TIAs and Posterior Circulation Problems with Prof Helen Dewey, Head of Austin Neurology


Gold from Prof Helen Dewey’s TIA and Posterior thecirculation talk at ED teaching February 23rd.  Look at her talk here

Thanks to Amanda for the YouTube link for the abnormal head impulse test (the guy in the video has a peripheral vestibular problem).  People with cerebellar problems have a normal test. Scott Weingart of EMCrit fame as an iphone approach.


  1. True TIAs last minutes and are resolved before we see them in ED.  They are diagnosed on history.
  2. Anyone who still has symptoms in ED is a stroke - highly likely to show a stoke on MRI even if they are almost back to normal.
  3. Strokes and TIA happen suddenly and patients are usually very well at the time.
  4. Don’t annoy neurologists by not doing a BSL.  Think about other causes like dissection (carotid, aorta) or vasculitis.
  5. Order a CTBrain – tells you if the patient is having multiple bilateral old strokes from paroxysmal AF, tells you the patient is bleeding, has subdural, has tumour, about strokes the patient might not be aware of (non dominatnt).
  6. Don’t call something a TIA if its really confusion, syncope, patient is unwell, the patient has lost consciousness without focal signs etc etc.
  7. The greatest risk of stroke after TIA is in 48 hours.  The risk drops substantially after this.  TIAs are a serious warning for bad things to happen to our patients.
  8. ABCD2 underestimates risk in Monash study but helps people focus on what needs to be done.
  9. What needs to be done: Investigations: Carotid Doppler, ECG and fasting bloods as an inpatient in short stay.

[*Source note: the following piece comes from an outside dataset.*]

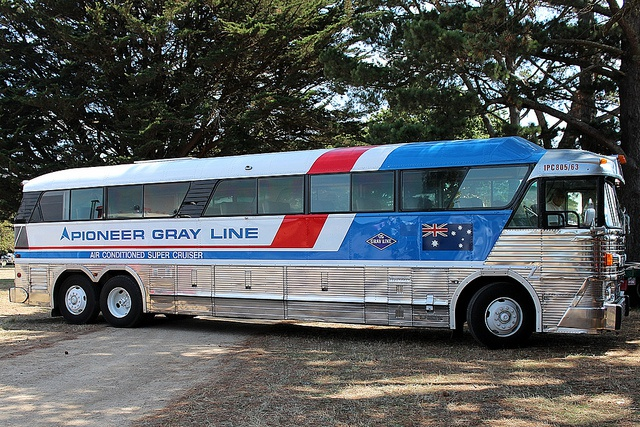Describe the objects in this image and their specific colors. I can see bus in black, gray, lightgray, and darkgray tones and people in black, gray, and teal tones in this image.

10.  How hard to you need to chase AF as a cause?  If multiple old bilateral infarcts embolism becomes more likely - chase hard or treat with warfarin.  Dilated atrium on echo might be enough to suggest it and commence warfarin (in the setting of multiple infarcts, especially if bilateral).  If no AF immediately apparent, the echo is not important and can be considered in high risk cases by the physician or neurologist when they see them as an outpatient non urgently.

11.   If you diagnose >70% stenosis on carotid Doppler in SSOU then organise transfer same day for endarterectomy that is urgent.

12.   If you diagnose AF, commence them on warfarin immediately.

13.   You should feel bold and supported starting an ACEI and statin after fasting bloods in SSOU (unless the BP is <130systolic).

14.   Always upgrade their antiplatelet therapy – start aspirin or upgrade to assassantin.

 Basilar artery Thrombosis

The main event is often preceded by warning signs such as diplopia, bilateral visual disturbance, LOC WITH quadriparesis that resolves, dysarthria with quadriparesis/sensory loss.

Vertigo rarely/never a cause of posterior circulation ischaemia unless associated with hearing loss or other hard focal neurology. 

Once established: Quadriparesis and upgoing plantars classic. Lack of dolls eye reflex, pupil changes.

Add CT angiogram to CTB in this situation. Not looking for high tech angio 3D reconstructions like for aneurysms – basilar occlusion easy to see.

Basilar occlusion treatment: IV TPA if less than 4.5 hours (little to lose).  Consider time critical transfer for angiographic clot retrieval.

BASICS registry – No benefit of anything after 9 hours in severe cases – palliative.

Cerebeller Stroke

            If delayed presentation and well established significant stroke – beware – further swelling may cause brainstem compression and unconsciousness and require surgical decompression rapidly in the first few days.